** Opening Dataset block **

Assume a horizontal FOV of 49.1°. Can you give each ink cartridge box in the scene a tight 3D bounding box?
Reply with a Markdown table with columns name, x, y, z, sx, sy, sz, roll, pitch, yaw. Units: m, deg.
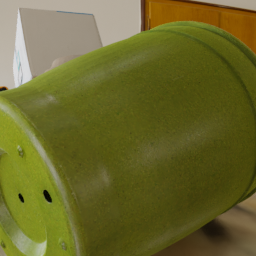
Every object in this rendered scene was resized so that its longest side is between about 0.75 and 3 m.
| name | x | y | z | sx | sy | sz | roll | pitch | yaw |
| --- | --- | --- | --- | --- | --- | --- | --- | --- | --- |
| ink cartridge box | -2.177 | -1.718 | 8.445 | 2.091 | 2.081 | 2.850 | -7 | -18 | -27 |

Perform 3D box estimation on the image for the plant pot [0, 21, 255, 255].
| name | x | y | z | sx | sy | sz | roll | pitch | yaw |
| --- | --- | --- | --- | --- | --- | --- | --- | --- | --- |
| plant pot | -0.045 | 0.102 | 1.239 | 1.068 | 1.068 | 1.029 | 5 | 19 | 43 |

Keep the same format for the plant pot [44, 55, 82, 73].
| name | x | y | z | sx | sy | sz | roll | pitch | yaw |
| --- | --- | --- | --- | --- | --- | --- | --- | --- | --- |
| plant pot | -0.304 | -0.282 | 3.757 | 2.603 | 1.201 | 2.603 | 1 | 5 | 0 |

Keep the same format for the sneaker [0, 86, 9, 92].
| name | x | y | z | sx | sy | sz | roll | pitch | yaw |
| --- | --- | --- | --- | --- | --- | --- | --- | --- | --- |
| sneaker | -2.069 | -0.458 | 6.821 | 1.004 | 0.991 | 2.566 | 2 | 4 | 37 |
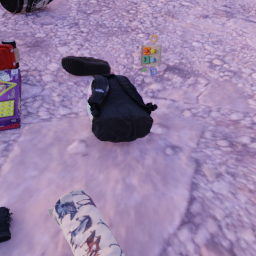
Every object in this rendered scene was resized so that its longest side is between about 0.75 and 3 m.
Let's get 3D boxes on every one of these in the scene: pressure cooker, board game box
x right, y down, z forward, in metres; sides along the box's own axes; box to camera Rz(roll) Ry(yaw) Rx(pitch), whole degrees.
[{"bbox_3d":[-5.215,-7.579,14.577,2.577,2.617,2.930,24,45,31],"label":"pressure cooker"},{"bbox_3d":[-3.956,-0.827,8.020,1.699,0.457,2.830,-7,39,-15],"label":"board game box"}]

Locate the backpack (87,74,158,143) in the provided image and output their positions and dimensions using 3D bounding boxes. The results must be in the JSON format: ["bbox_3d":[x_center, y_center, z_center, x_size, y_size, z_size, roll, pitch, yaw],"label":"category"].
[{"bbox_3d":[-0.370,-0.531,6.957,1.628,1.235,1.951,2,38,-22],"label":"backpack"}]

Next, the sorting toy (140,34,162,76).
[{"bbox_3d":[0.727,-2.399,9.235,0.743,1.319,0.180,10,16,30],"label":"sorting toy"}]

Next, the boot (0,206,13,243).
[{"bbox_3d":[-2.426,1.731,4.924,0.767,0.284,0.628,-8,41,-21],"label":"boot"}]

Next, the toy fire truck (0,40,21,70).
[{"bbox_3d":[-4.675,-2.367,8.918,1.704,1.245,1.936,6,28,10],"label":"toy fire truck"}]

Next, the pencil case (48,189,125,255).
[{"bbox_3d":[-0.633,1.726,4.358,0.757,0.658,1.692,-27,39,-17],"label":"pencil case"}]

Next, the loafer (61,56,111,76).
[{"bbox_3d":[-1.399,-2.106,9.487,1.696,0.619,0.605,11,35,-2],"label":"loafer"}]
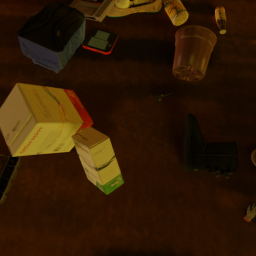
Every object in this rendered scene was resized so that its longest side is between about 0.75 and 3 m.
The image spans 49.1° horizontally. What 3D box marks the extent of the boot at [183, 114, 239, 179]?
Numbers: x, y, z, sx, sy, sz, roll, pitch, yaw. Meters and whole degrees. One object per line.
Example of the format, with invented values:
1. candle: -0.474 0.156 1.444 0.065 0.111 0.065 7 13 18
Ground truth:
1. boot: 3.245 0.686 11.073 2.047 0.924 2.498 3 75 4

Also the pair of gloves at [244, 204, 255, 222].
1. pair of gloves: 4.838 3.332 10.426 0.950 0.108 0.763 38 74 15

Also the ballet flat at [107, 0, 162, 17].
1. ballet flat: 0.231 -6.266 13.895 2.967 0.998 1.010 -9 68 -4

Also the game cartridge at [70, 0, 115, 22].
1. game cartridge: -1.856 -6.024 13.832 2.172 0.417 1.408 22 74 26

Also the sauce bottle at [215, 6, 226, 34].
1. sauce bottle: 4.597 -5.306 13.789 0.484 0.484 1.467 -2 68 -1

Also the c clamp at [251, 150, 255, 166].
1. c clamp: 5.975 1.281 11.186 1.881 0.255 1.607 -21 69 -9

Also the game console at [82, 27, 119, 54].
1. game console: -1.339 -4.220 13.472 1.470 0.228 1.300 19 69 7

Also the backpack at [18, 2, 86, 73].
1. backpack: -3.181 -4.010 12.266 2.169 2.240 2.669 26 65 -1

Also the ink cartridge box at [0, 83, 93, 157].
1. ink cartridge box: -2.639 -0.238 8.901 1.609 2.215 1.602 -45 66 27

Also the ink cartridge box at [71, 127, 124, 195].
1. ink cartridge box: -0.838 0.868 7.738 0.649 1.563 1.146 -30 32 -25

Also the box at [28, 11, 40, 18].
1. box: -3.962 -5.095 13.520 1.376 0.789 0.909 -22 69 -9

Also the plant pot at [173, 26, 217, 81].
1. plant pot: 2.809 -3.150 12.299 1.837 1.837 1.819 12 76 5

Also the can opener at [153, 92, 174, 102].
1. can opener: 1.596 -1.406 12.270 0.944 0.299 0.371 -16 68 -6

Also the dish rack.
1. dish rack: -5.642 1.692 10.767 2.716 0.741 2.083 15 67 6

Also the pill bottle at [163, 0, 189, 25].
1. pill bottle: 2.309 -5.886 13.827 0.830 0.830 1.473 -20 70 -8
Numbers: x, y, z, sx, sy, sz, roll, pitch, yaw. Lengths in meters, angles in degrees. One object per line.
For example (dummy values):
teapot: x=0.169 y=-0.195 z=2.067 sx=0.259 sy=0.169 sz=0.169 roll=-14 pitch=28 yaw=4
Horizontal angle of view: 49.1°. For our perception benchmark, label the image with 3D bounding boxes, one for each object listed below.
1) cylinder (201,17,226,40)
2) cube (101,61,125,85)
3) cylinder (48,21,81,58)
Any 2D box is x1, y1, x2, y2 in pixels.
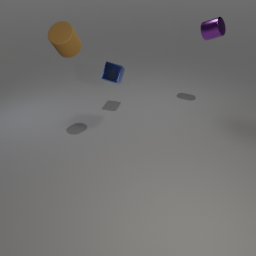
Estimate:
cylinder: x=3.231 y=-3.761 z=10.633 sx=0.700 sy=0.700 sz=0.700 roll=-3 pitch=21 yaw=43
cube: x=-0.593 y=-2.207 z=11.325 sx=0.700 sy=0.700 sz=0.700 roll=17 pitch=5 yaw=6
cylinder: x=-1.698 y=-2.375 z=7.568 sx=0.700 sy=0.700 sz=0.700 roll=-3 pitch=73 yaw=9
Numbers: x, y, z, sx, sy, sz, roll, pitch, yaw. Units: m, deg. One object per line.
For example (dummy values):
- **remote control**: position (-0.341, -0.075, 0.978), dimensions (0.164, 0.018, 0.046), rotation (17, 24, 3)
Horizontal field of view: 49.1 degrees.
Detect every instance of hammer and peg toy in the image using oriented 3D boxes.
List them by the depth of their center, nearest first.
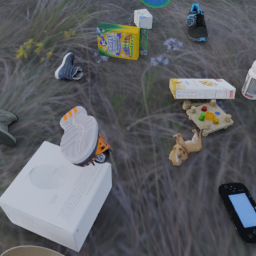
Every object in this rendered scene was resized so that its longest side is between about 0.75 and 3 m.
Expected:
- **hammer and peg toy**: position (3.043, -0.622, 10.934), dimensions (1.374, 0.659, 1.868), rotation (-18, 50, -16)

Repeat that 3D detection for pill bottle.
- **pill bottle**: position (5.360, -1.997, 11.623), dimensions (0.856, 1.503, 0.856), rotation (0, 47, 0)

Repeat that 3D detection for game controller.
- **game controller**: position (3.425, 2.454, 8.294), dimensions (0.979, 0.395, 1.877), rotation (-9, 49, -8)

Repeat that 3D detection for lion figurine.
- **lion figurine**: position (2.141, 0.641, 9.802), dimensions (1.677, 0.608, 1.027), rotation (-15, 83, -22)

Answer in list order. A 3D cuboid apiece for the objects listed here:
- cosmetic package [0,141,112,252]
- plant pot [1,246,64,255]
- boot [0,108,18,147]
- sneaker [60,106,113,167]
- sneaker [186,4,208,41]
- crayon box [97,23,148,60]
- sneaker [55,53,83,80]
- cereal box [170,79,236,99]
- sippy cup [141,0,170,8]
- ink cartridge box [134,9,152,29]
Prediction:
- **cosmetic package**: position (-1.925, 1.900, 8.115), dimensions (2.257, 1.387, 2.250), rotation (17, 50, 15)
- **plant pot**: position (-2.175, 3.780, 6.305), dimensions (1.941, 1.941, 1.303), rotation (22, 91, 19)
- **boot**: position (-4.614, -0.135, 10.558), dimensions (1.892, 0.641, 1.236), rotation (26, 47, 20)
- **sneaker**: position (-0.842, 0.433, 6.749), dimensions (0.991, 1.431, 2.555), rotation (-34, 26, 3)
- **sneaker**: position (3.727, -5.747, 15.319), dimensions (1.023, 1.145, 2.795), rotation (-3, 48, -3)
- **crayon box**: position (-0.269, -4.182, 13.638), dimensions (2.378, 1.495, 0.613), rotation (10, 48, 9)
- **sneaker**: position (-2.503, -2.830, 12.922), dimensions (1.165, 0.613, 1.613), rotation (6, 56, 20)
- **cereal box**: position (3.007, -1.655, 11.629), dimensions (2.364, 0.467, 1.701), rotation (-1, 23, 0)
- **sippy cup**: position (1.101, -5.365, 10.305), dimensions (1.692, 1.329, 1.240), rotation (26, 67, -22)
- **ink cartridge box**: position (0.861, -6.210, 16.015), dimensions (0.732, 0.729, 0.998), rotation (-14, 49, -14)
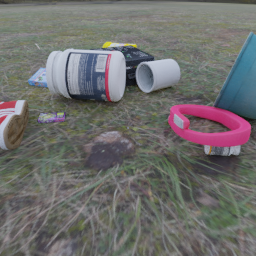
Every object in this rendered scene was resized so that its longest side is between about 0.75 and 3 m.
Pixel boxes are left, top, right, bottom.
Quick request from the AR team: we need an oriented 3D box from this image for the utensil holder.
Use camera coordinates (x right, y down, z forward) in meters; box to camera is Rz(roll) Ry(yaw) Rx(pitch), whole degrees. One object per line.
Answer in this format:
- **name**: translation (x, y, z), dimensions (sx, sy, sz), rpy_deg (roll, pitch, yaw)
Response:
- **utensil holder**: translation (1.285, -2.262, 11.901), dimensions (1.483, 1.260, 1.260), rpy_deg (-18, 34, -31)

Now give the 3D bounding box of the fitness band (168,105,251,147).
- **fitness band**: translation (2.384, -0.147, 8.491), dimensions (2.084, 0.543, 2.902), rpy_deg (2, 18, -6)

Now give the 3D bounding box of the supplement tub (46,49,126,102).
- **supplement tub**: translation (-1.542, -2.049, 10.835), dimensions (2.722, 1.910, 1.910), rpy_deg (5, 30, 9)

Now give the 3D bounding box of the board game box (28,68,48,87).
- **board game box**: translation (-3.548, -2.268, 12.655), dimensions (1.494, 0.273, 1.130), rpy_deg (9, 44, 16)

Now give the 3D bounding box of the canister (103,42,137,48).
- **canister**: translation (-0.463, -4.472, 16.234), dimensions (1.784, 0.772, 1.325), rpy_deg (7, 30, 9)

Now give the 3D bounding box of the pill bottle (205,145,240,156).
- **pill bottle**: translation (2.617, 0.512, 7.803), dimensions (0.878, 0.511, 0.511), rpy_deg (4, 30, 5)

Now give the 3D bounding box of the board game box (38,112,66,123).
- **board game box**: translation (-2.634, -0.370, 9.731), dimensions (0.883, 0.143, 0.530), rpy_deg (-3, 26, -5)

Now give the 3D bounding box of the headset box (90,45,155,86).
- **headset box**: translation (-0.280, -2.901, 13.027), dimensions (2.267, 1.208, 2.603), rpy_deg (-14, 33, -23)

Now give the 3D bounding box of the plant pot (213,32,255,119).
- **plant pot**: translation (4.616, -1.398, 9.298), dimensions (2.539, 2.702, 2.702), rpy_deg (27, 37, 14)

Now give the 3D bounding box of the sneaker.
- **sneaker**: translation (-3.997, -0.136, 8.433), dimensions (1.570, 0.994, 2.792), rpy_deg (-1, 22, -9)
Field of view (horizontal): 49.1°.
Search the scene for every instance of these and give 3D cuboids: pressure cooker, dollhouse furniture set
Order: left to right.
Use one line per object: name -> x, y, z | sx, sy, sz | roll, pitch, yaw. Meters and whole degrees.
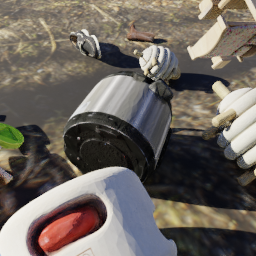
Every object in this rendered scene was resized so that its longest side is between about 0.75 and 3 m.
pressure cooker -> -0.080, -0.127, 6.450 | 2.131, 2.165, 2.423 | 10, 43, 16
dollhouse furniture set -> 1.826, -1.286, 4.784 | 2.066, 2.423, 1.183 | -11, 74, -27

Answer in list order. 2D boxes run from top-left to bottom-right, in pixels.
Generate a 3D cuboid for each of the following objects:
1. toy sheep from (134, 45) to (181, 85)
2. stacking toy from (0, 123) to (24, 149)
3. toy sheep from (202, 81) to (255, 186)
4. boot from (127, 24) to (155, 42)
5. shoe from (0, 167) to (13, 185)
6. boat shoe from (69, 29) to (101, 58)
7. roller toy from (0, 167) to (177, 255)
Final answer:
toy sheep -> 1.019, -2.162, 9.444 | 1.835, 1.265, 1.265 | 25, 34, -25
stacking toy -> -3.801, 0.279, 6.879 | 1.909, 0.891, 2.109 | 35, 17, -1
toy sheep -> 2.929, 0.055, 6.428 | 2.039, 2.039, 2.958 | -26, 73, -26
boot -> 0.648, -4.207, 12.411 | 1.220, 0.392, 1.137 | 6, 55, 11
shoe -> -3.074, 1.033, 6.571 | 0.862, 0.301, 0.230 | 28, 44, 18
boat shoe -> -1.715, -3.308, 11.036 | 0.723, 0.886, 2.397 | -17, 41, -18
roller toy -> -0.537, 1.803, 4.062 | 2.445, 2.230, 1.709 | -5, 57, -48
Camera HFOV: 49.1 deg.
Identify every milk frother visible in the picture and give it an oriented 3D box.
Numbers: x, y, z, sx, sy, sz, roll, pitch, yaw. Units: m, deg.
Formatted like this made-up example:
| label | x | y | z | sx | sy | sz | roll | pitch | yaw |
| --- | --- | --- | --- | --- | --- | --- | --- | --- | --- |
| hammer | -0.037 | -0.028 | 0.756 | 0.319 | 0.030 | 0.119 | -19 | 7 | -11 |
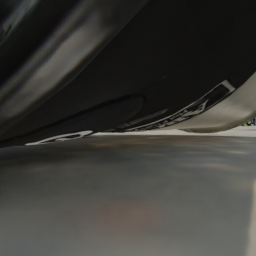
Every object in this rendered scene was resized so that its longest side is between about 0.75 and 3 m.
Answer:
| label | x | y | z | sx | sy | sz | roll | pitch | yaw |
| --- | --- | --- | --- | --- | --- | --- | --- | --- | --- |
| milk frother | -0.209 | -1.271 | 1.601 | 2.365 | 2.620 | 2.464 | 5 | 3 | 26 |

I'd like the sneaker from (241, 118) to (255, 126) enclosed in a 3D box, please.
| label | x | y | z | sx | sy | sz | roll | pitch | yaw |
| --- | --- | --- | --- | --- | --- | --- | --- | --- | --- |
| sneaker | 5.371 | -0.297 | 12.640 | 1.300 | 0.480 | 0.526 | 1 | -3 | -43 |
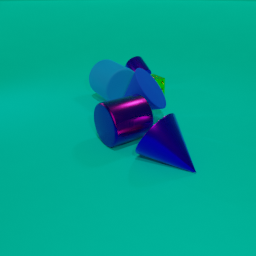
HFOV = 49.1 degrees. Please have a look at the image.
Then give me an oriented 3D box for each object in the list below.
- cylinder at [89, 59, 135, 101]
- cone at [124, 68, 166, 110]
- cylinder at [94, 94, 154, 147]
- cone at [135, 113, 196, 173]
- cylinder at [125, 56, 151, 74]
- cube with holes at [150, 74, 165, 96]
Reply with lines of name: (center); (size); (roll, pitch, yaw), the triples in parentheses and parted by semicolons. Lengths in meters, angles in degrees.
cylinder: (-0.524, -1.647, 10.028); (1.333, 1.333, 1.333); (-16, 34, -29)
cone: (0.179, -0.848, 8.725); (1.451, 1.446, 1.446); (-34, 13, 28)
cylinder: (-0.130, -0.215, 7.520); (1.197, 1.197, 1.197); (-17, 32, -29)
cone: (1.108, 0.581, 6.597); (1.337, 1.332, 1.332); (45, 45, 19)
cylinder: (0.436, -2.479, 12.020); (0.864, 0.864, 0.864); (-16, 62, -28)
cube with holes: (0.834, -1.514, 10.481); (0.787, 0.787, 0.787); (-13, 27, -24)
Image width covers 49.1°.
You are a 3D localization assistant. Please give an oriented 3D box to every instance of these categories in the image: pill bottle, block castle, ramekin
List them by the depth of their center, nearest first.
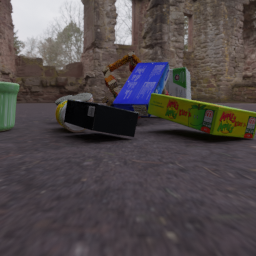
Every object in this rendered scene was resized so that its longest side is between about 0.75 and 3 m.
[{"bbox_3d":[-4.278,-0.594,7.451,2.594,1.267,2.594,2,5,0],"label":"ramekin"},{"bbox_3d":[-1.552,-0.367,7.760,0.837,0.837,1.485,-2,7,-22],"label":"pill bottle"},{"bbox_3d":[0.255,-1.757,11.793,1.865,1.309,2.791,-32,54,-7],"label":"block castle"}]

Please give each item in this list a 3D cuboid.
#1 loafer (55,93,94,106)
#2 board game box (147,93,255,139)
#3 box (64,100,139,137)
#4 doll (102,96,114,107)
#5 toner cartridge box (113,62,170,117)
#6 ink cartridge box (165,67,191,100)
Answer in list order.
[{"bbox_3d":[-1.786,-0.812,9.710,1.897,0.596,0.682,2,36,44],"label":"loafer"},{"bbox_3d":[1.660,-0.353,6.749,1.251,0.586,2.462,5,10,-29],"label":"board game box"},{"bbox_3d":[-0.642,-0.236,6.288,1.060,0.592,1.501,7,4,-35],"label":"box"},{"bbox_3d":[-0.490,-0.912,12.752,1.083,0.385,1.588,42,9,32],"label":"doll"},{"bbox_3d":[0.562,-1.436,9.930,1.246,0.566,2.623,5,44,24],"label":"toner cartridge box"},{"bbox_3d":[1.461,-1.565,12.645,2.578,1.890,1.071,-2,-5,23],"label":"ink cartridge box"}]
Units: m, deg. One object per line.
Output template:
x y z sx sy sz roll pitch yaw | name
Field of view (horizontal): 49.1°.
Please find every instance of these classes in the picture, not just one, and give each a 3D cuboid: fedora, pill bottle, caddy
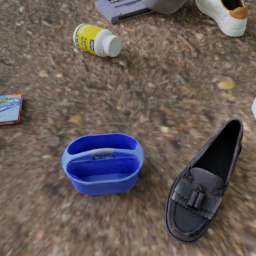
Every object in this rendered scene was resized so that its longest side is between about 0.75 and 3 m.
1.310 -4.991 10.063 2.450 1.251 2.770 38 46 6 | fedora
-0.908 -2.629 8.493 1.437 0.800 0.800 26 55 32 | pill bottle
-0.505 0.709 5.882 1.685 0.885 1.191 -5 50 -4 | caddy

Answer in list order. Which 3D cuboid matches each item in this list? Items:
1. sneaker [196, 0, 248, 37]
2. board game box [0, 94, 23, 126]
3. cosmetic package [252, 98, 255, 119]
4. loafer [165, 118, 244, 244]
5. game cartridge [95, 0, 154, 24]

** Closing Dataset block **

## Task details
From the records above, print only the lines between the one holding "Numbers: x, y, z, sx, sy, sz, roll, pitch, yaw. Lengths" and the one holding "Any 2D box is x1, y1, x2, y2 in pixels.", inclusive, exactly as they stand.

## Exercise solution
Numbers: x, y, z, sx, sy, sz, roll, pitch, yaw. Lengths in meters, angles in degrees. One object per line.
For example (dummy values):
teapot: x=0.169 y=-0.195 z=2.067 sx=0.259 sy=0.169 sz=0.169 roll=-14 pitch=28 yaw=4
Horizontal angle of view: 49.1°. For our perception benchmark, label the image with 3D bounding boxes, one for each object listed below.
1) cylinder (201,17,226,40)
2) cube (101,61,125,85)
3) cylinder (48,21,81,58)
Any 2D box is x1, y1, x2, y2 in pixels.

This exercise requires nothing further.